_How to complete this task_
An exact transcription of the records is required, minus any images.

_Provided information_
━━━━

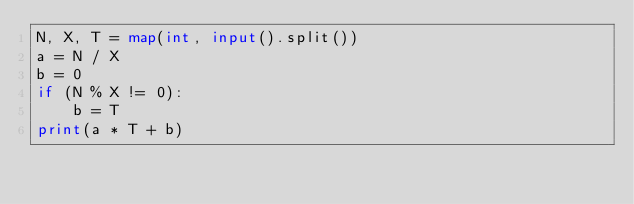<code> <loc_0><loc_0><loc_500><loc_500><_Python_>N, X, T = map(int, input().split())
a = N / X
b = 0
if (N % X != 0):
    b = T
print(a * T + b)
</code> 
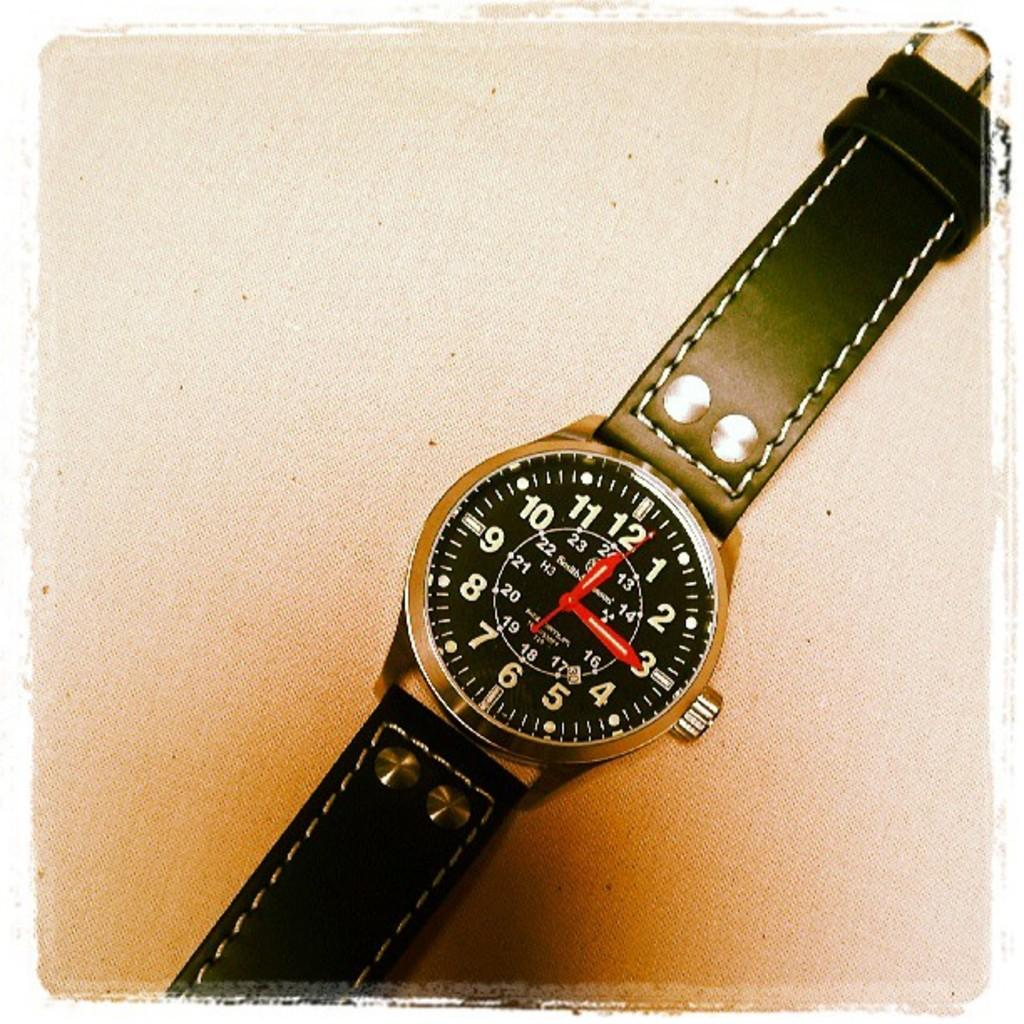<image>
Relay a brief, clear account of the picture shown. Black wristwatch which has the hands on the number 12 and 3. 
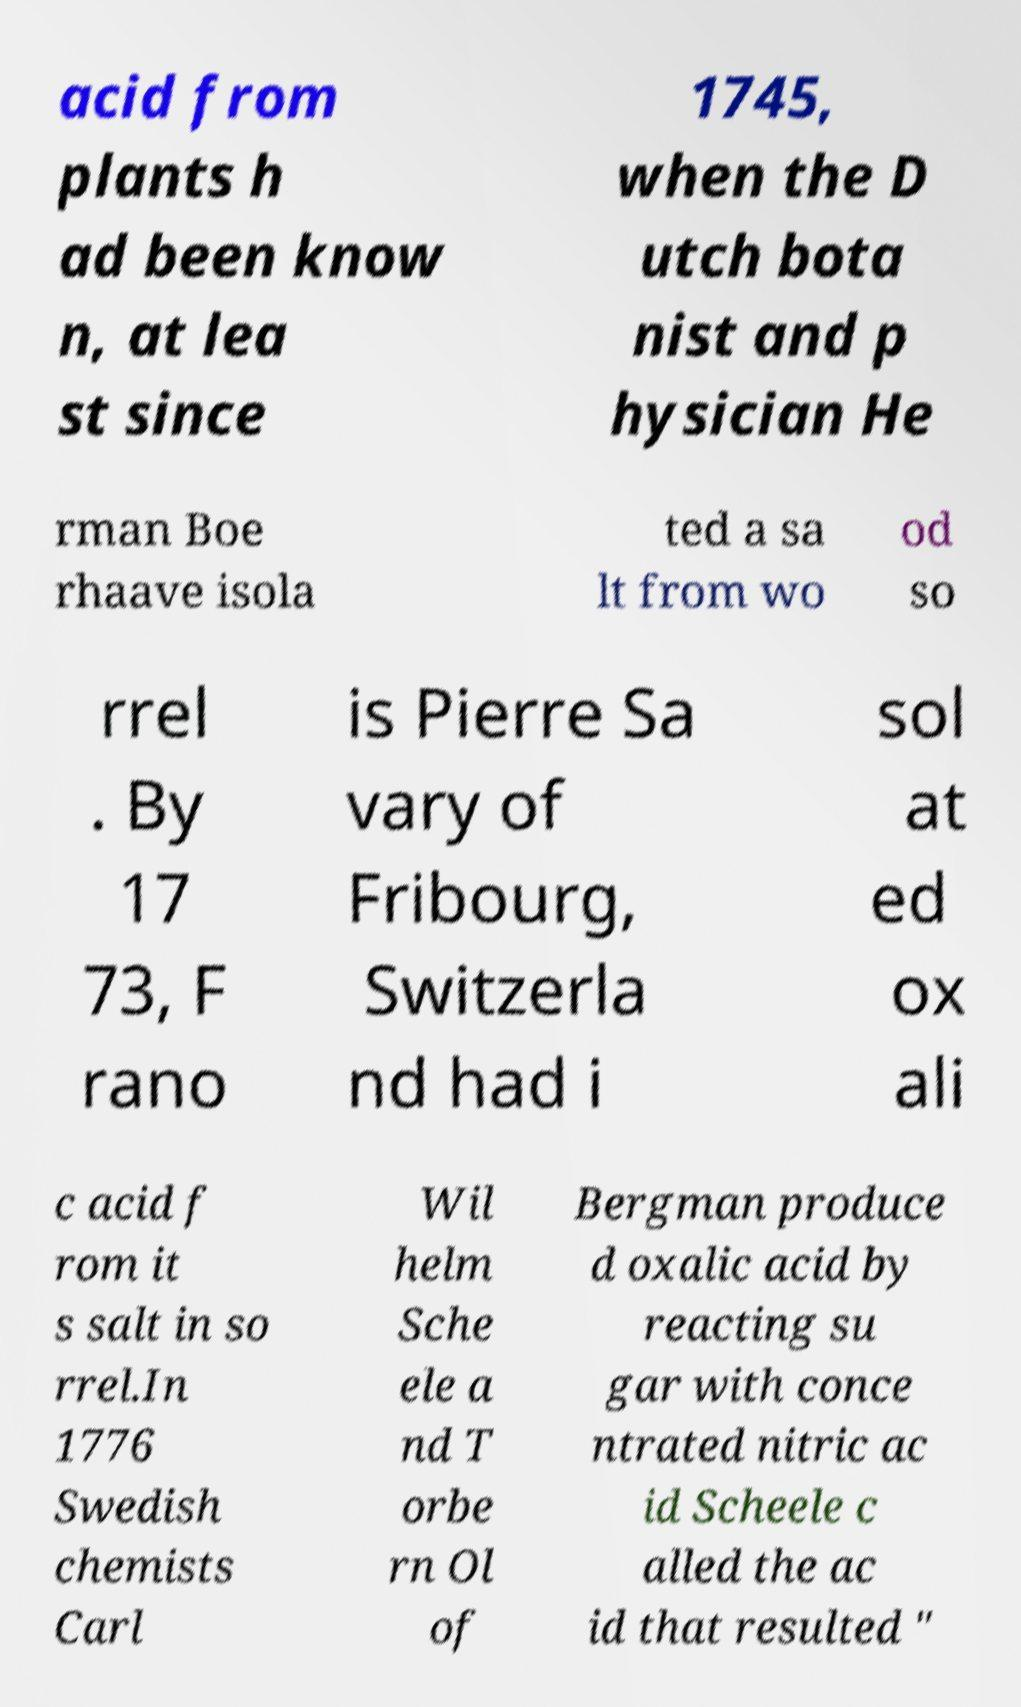Could you extract and type out the text from this image? acid from plants h ad been know n, at lea st since 1745, when the D utch bota nist and p hysician He rman Boe rhaave isola ted a sa lt from wo od so rrel . By 17 73, F rano is Pierre Sa vary of Fribourg, Switzerla nd had i sol at ed ox ali c acid f rom it s salt in so rrel.In 1776 Swedish chemists Carl Wil helm Sche ele a nd T orbe rn Ol of Bergman produce d oxalic acid by reacting su gar with conce ntrated nitric ac id Scheele c alled the ac id that resulted " 
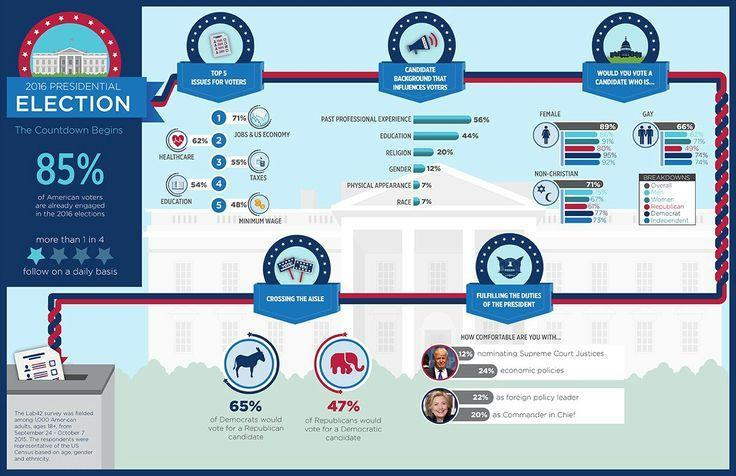What percent of Republicans would vote for a female candidate?
Answer the question with a short phrase. 80% What percent of voters prefer candidates with respect to religion and gender? 32% Overall what percent of voters will vote for a Gay presidential candidate? 66% What percent of Democrats would vote for a non-Christian candidate? 77% Which issue is the biggest one for voters? JOBS & US ECONOMY What proportion of people do not follow presidential election on a daily basis? 3 in 4

━━━━

_Task result_
<code> <loc_0><loc_0><loc_500><loc_500><_Python_>N, X, T = map(int, input().split())
a = N / X
b = 0
if (N % X != 0):
    b = T
print(a * T + b)
</code> 
<image>
Relay a brief, clear account of the picture shown. Black wristwatch which has the hands on the number 12 and 3. 
Could you extract and type out the text from this image? acid from plants h ad been know n, at lea st since 1745, when the D utch bota nist and p hysician He rman Boe rhaave isola ted a sa lt from wo od so rrel . By 17 73, F rano is Pierre Sa vary of Fribourg, Switzerla nd had i sol at ed ox ali c acid f rom it s salt in so rrel.In 1776 Swedish chemists Carl Wil helm Sche ele a nd T orbe rn Ol of Bergman produce d oxalic acid by reacting su gar with conce ntrated nitric ac id Scheele c alled the ac id that resulted " 
What percent of Republicans would vote for a female candidate?
Answer the question with a short phrase. 80% What percent of voters prefer candidates with respect to religion and gender? 32% Overall what percent of voters will vote for a Gay presidential candidate? 66% What percent of Democrats would vote for a non-Christian candidate? 77% Which issue is the biggest one for voters? JOBS & US ECONOMY What proportion of people do not follow presidential election on a daily basis? 3 in 4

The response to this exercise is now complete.